Author contribution statement

Tawakalt O. Adedokun: Conceived and designed the experiments; Performed the experiments; Analyzed and interpreted the data; Wrote the paper.

Athanasia Matemu: Conceived and designed the experiments.

Otmar Höglinger: Performed the experiments; Contributed reagents, materials, analysis tools or data.

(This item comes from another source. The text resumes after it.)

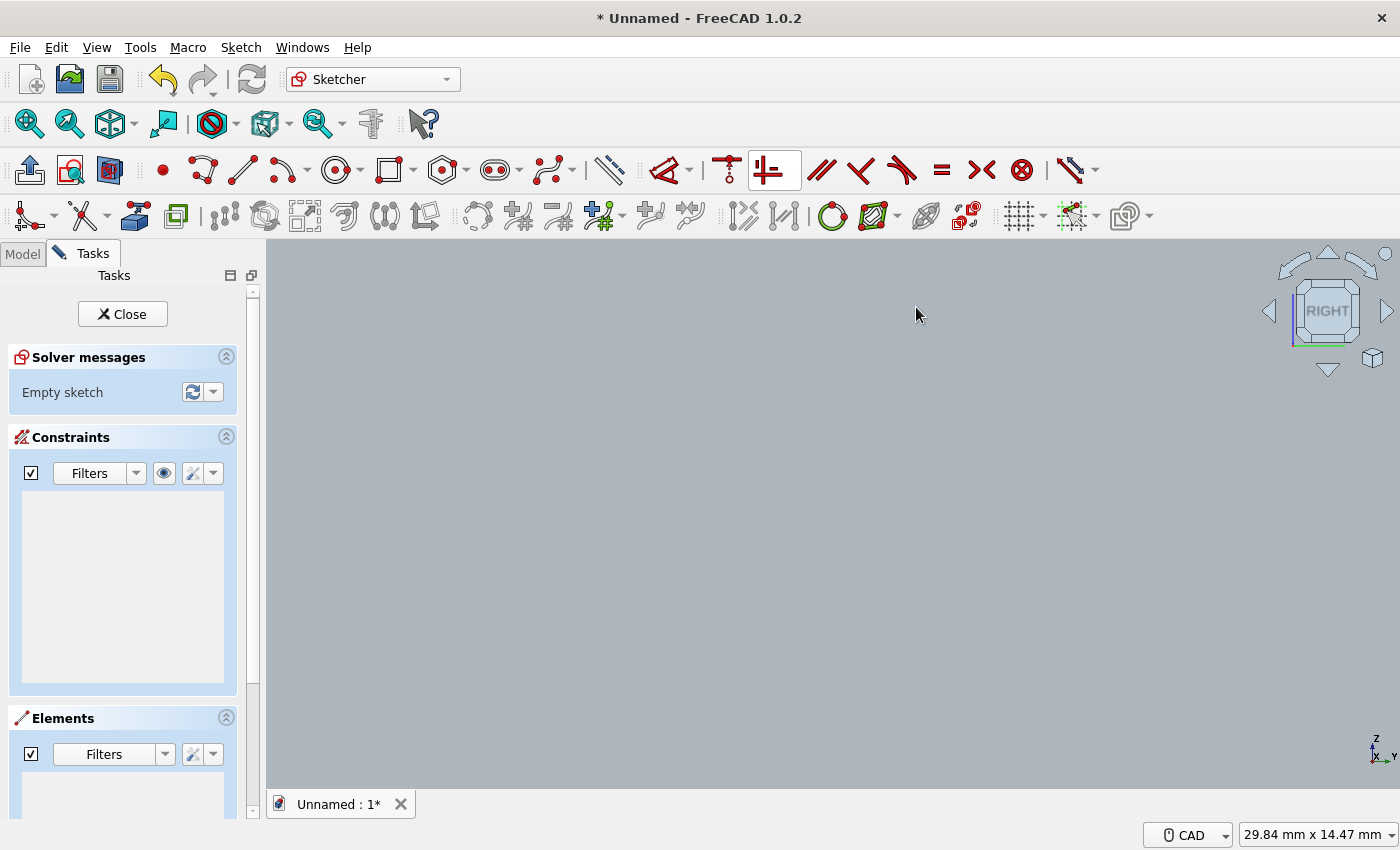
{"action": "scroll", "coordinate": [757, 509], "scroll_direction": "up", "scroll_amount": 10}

Erasto Mlyuka, Akinbode Adedeji: Conceived and designed the experiments; Analyzed and interpreted the data.

Funding statement

This work was supported by the Centre for Research, Agricultural Advancement, Teaching Excellence and Sustainability (CREATES), and Nelson Mandela African Institution of Science and Technology (NM-AIST), Arusha, Tanzania, through the fund provided by the World Bank.

Data availability statement

Data will be made available on request.

Declaration of interests statement

The authors declare no conflict of interest.

Additional information

No additional information is available for this paper.